A24.com.tr » ekonomi » Küresel çelik piyasasında serbest ticaret yerini korumacılığa bıraktı

Küresel çelik piyasasında serbest ticaret yerini korumacılığa bıraktı

Küresel çelik piyasasında serbest ticaret yerini korumacılığa bıraktı

8 Nisan'da gerçekleşen Eurometal Çelik Günü & 10. YİSAD Yassı Çelik Konferansı’nda küresel yassı çelik sektörünün durumu hakkında konuşuldu ve beklentiler paylaşıldı.

8 Nisan Salı günü Tatçelik ana sponsorluğunda İstanbul Marriott Hotel Asia’da 400’ün üzerinde katılımcıyla ve SteelOrbis iş birliğiyle gerçekleşen Eurometal Çelik Günü & 10. YİSAD Yassı Çelik Konferansı’nda küresel yassı çelik sektörünün durumu hakkında konuşuldu ve beklentiler paylaşıldı. Toplantıya sponsor olan diğer firmalar ise Ağır Haddecilik, Gökmetal, Koyuncu Çelik Servis Merkezi ve Yametaş Yassı Metal Mamulleri oldu.

Açılış konuşmalarını yapan YİSAD Yönetim Kurulu Başkanı Metin Tayfun İşeri ile Eurometal Başkanı Alexander Julius, Donald Trump’ın getirdiği yeni vergilerle birlikte değişen ticaret koşullarında serbest ticaretin yerini korumacılığa bıraktığını vurguladı. Daha sonra söz alan Türkiye Cumhuriyet Merkez Bankası Başkanı Fatih Karahan, Türkiye’de enflasyon düşüş sürecinin devam ettiğini, cari işlemler açığının tarihsel olarak düşük seviyelerde olduğunu dile getirdi.

İlk oturumda konuşan Tatmetal Genel Müdürü ve İcra Kurulu Başkanı Tolga Yalgı, ABD ve AB’nin korumacı politikalarının ihracat rekabetçiliği açısından ciddi zorluklar yaratacağını belirtti. Küresel piyasadaki kutuplaşmanın maliyet açısından rekabet etmeyi zorlaştırdığını dile getirdi. Yine ilk oturumda söz alan Türkiye Çelik Üreticileri Derneği Genel Sekreteri Dr.

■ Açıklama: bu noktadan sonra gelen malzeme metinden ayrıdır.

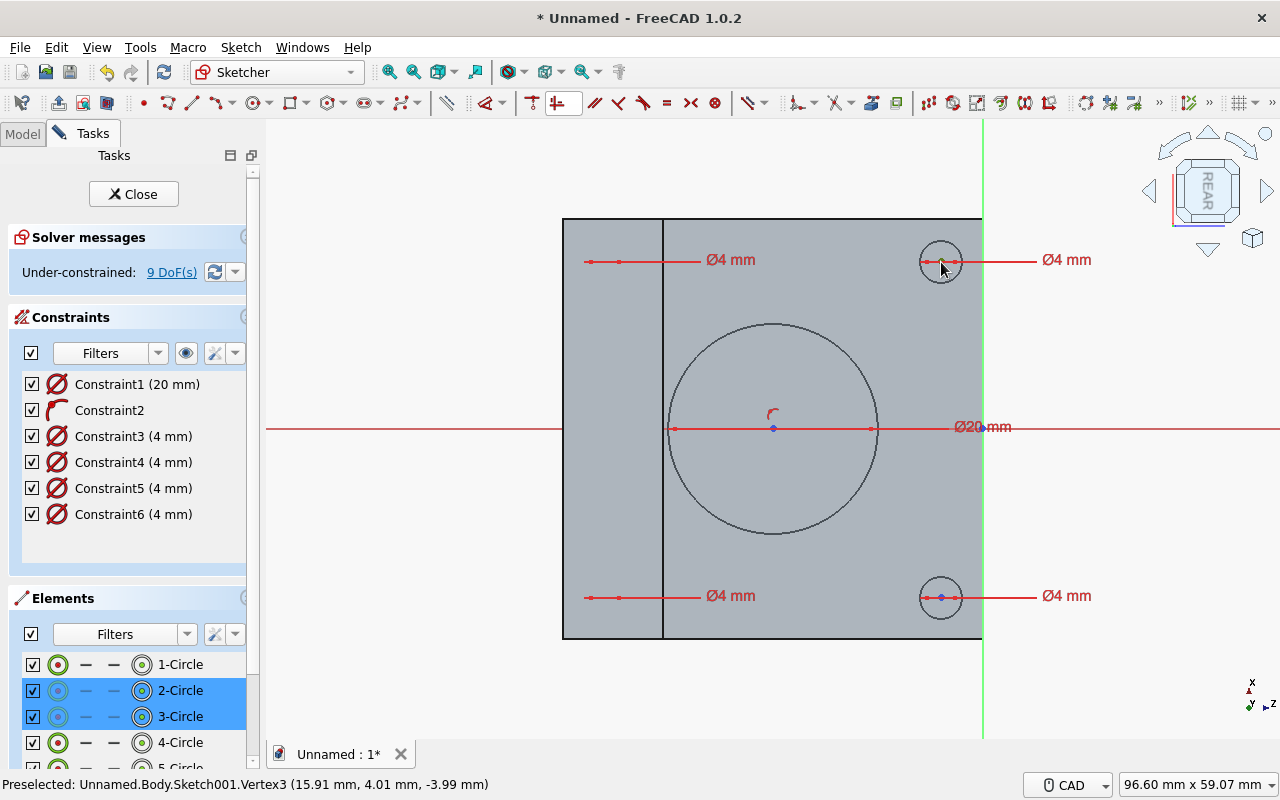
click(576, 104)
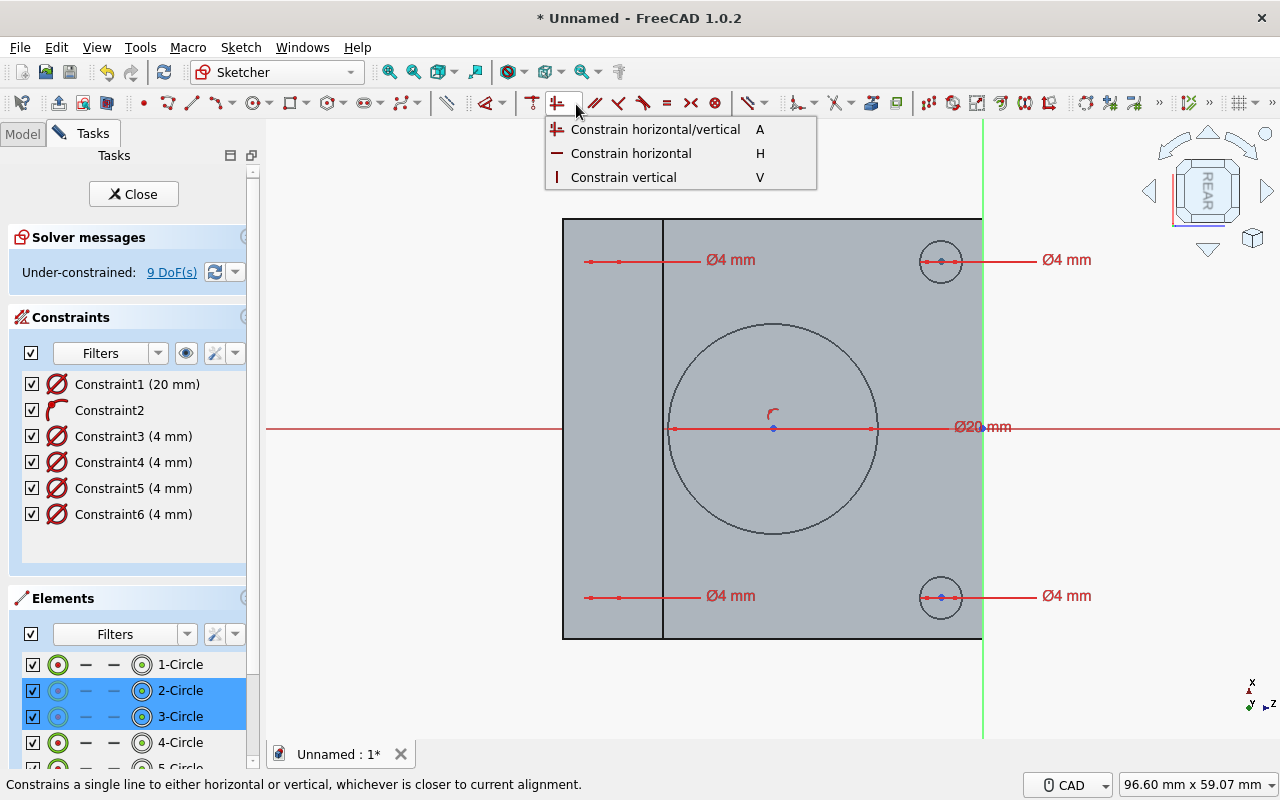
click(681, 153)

Veysel Yayan, AB’nin Rusya ve Belarus’a getirdiği yaptırımlar sonucunda yeniden dağıtılan toplam 6,5 milyon mt’luk kotanın 2024 yılında Türkiye’nin ihracatını olumlu etkilediğini ancak ihracatta daha sıkıntılı bir döneme girilebileceğini belirtti. Türkiye yassı mamul piyasasıyla ilgili olarak Yayan, bu yılın ilk iki ayında yassıda ihracatın ithalatı karşılama oranının %52,7 seviyesinde olduğunu, ithalatın önüne geçilmesi gerektiğini ifade etti.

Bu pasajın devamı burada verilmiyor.